Named Entity Recognition

Term Expansion

Corpus Vocabulary

  • corpus frequencies database over 5-tuples (u:text, w:xlit, v:canon, p:pos, l:lemma)
  • Example: Lemma "Teil"

Distributional Semantics

(Diachronic) Collocation Profiling

  • track "significant" co-occurrence preferences over time (e.g. using modern lemmata)
  • Example (gender bias): "Mann" vs. "Frau" (DTA)

Exercises

Normalize a raw text file

  • Download this example: elephant.raw
  • Use the CAB web-service file upload interface
  • Save the output data to your computer using the TAB-separated CSV format (e.g. as elephant.tsv)
  • Extra credit: import the file you just saved into your favorite spreadsheet program (e.g. LibreOffice calc, google Sheets, etc.)
  • Even more extra credit: export all and only the "canonical word-forms" (3rd column) from the output
  • Super bonus extra credit: skip the spreadsheet GUI and use the command-line (e.g. awk, sed, or perl) to extract canonical word-forms.

Normalize a TCF file using WebLicht

  • Download this example. elephant.raw.tcf
  • Analyze the file using WebLicht (requires CLARIN credentials!)
  • Download the output TCF data to your computer (e.g. as elephant.cab.tcf)
  • Extra credit: apply the tcf-orthswap.xsl XSL transformation as described here to swap the "tokens" and "orthography" layers, then re-load the the modified file into WebLicht and do some more processing.
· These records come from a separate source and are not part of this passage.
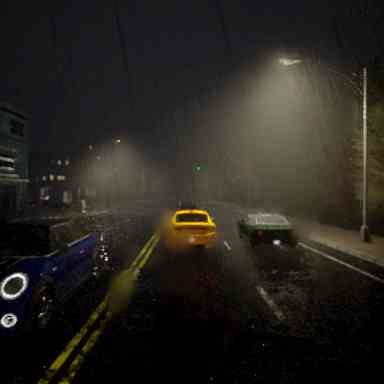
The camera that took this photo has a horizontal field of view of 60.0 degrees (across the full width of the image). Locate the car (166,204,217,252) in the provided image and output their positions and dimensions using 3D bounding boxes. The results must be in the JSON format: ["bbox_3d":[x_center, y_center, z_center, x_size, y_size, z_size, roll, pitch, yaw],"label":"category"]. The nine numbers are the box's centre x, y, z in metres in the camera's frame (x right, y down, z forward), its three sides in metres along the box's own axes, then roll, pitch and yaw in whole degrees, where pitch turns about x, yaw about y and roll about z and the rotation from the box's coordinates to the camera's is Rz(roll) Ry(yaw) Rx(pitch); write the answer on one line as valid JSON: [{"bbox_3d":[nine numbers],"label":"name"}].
[{"bbox_3d":[-0.039,1.499,13.963,1.882,1.535,5.008,0,0,-1],"label":"car"}]

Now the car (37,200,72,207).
[{"bbox_3d":[-20.709,1.899,50.975,4.313,1.339,1.947,-1,1,-1],"label":"car"}]

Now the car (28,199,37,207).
[{"bbox_3d":[-29.183,1.910,59.346,4.403,1.369,2.008,-1,1,-1],"label":"car"}]

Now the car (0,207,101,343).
[{"bbox_3d":[-3.392,1.362,6.708,2.097,1.767,4.553,0,0,-1],"label":"car"}]

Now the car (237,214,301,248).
[{"bbox_3d":[3.200,1.624,14.893,1.895,1.301,4.718,0,0,-1],"label":"car"}]

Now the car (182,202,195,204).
[{"bbox_3d":[-0.313,1.612,30.858,1.994,1.385,4.181,0,0,-1],"label":"car"}]

Normalize a raw TEI-XML file

Normalize a pre-tokenized TEI-XML file

  • Download this example: elephant.teiws-xml
  • Use the CAB web-service file upload interface
  • Save the output data to your computer using the default TEIws format (e.g. as elephant.teiws-cab.xml)
  • Extra credit: apply the spliced2ling.xsl XSL transformation as described here to produce a TEI-ling conformant document
  • More extra credit: use curl from the command-line to analyze elephant.teiws-xml, as described here.
    • Hint: try using the cab-curl-xpost.sh script (if you have bash installed, as all upstanding folk ought to)
    • Caveat: If you're a script-friendly sort of person and wish to do something like this on a large scale, please play nicely ... or at least warn me first.
  • Super bonus extra credit: use curl from the command-line to analyze elephant.teiws-xml and output TEI-ling directly in a single call.
    • Hint: prior to analysis, the TEIws and TEI-ling formats are indistinguishable

Term Expansion

  • Find all surface forms for the lemma "Elefant"
    • use CAB's expand.eqlemma analysis chain
    • generate the output as a flat list of target forms using the XList format
    • ... or you can cheat by using this link
  • Extra credit: convert the returned list to a disjunction query (logical "OR") for your favorite search engine.
  • Super bonus extra credit: write a plugin for your favorite search engine to transparently convert all naive bareword user queries to implicit disjunctions over the variant forms returned by the CAB web-service, analogous to DDC's Expand Cab functionality.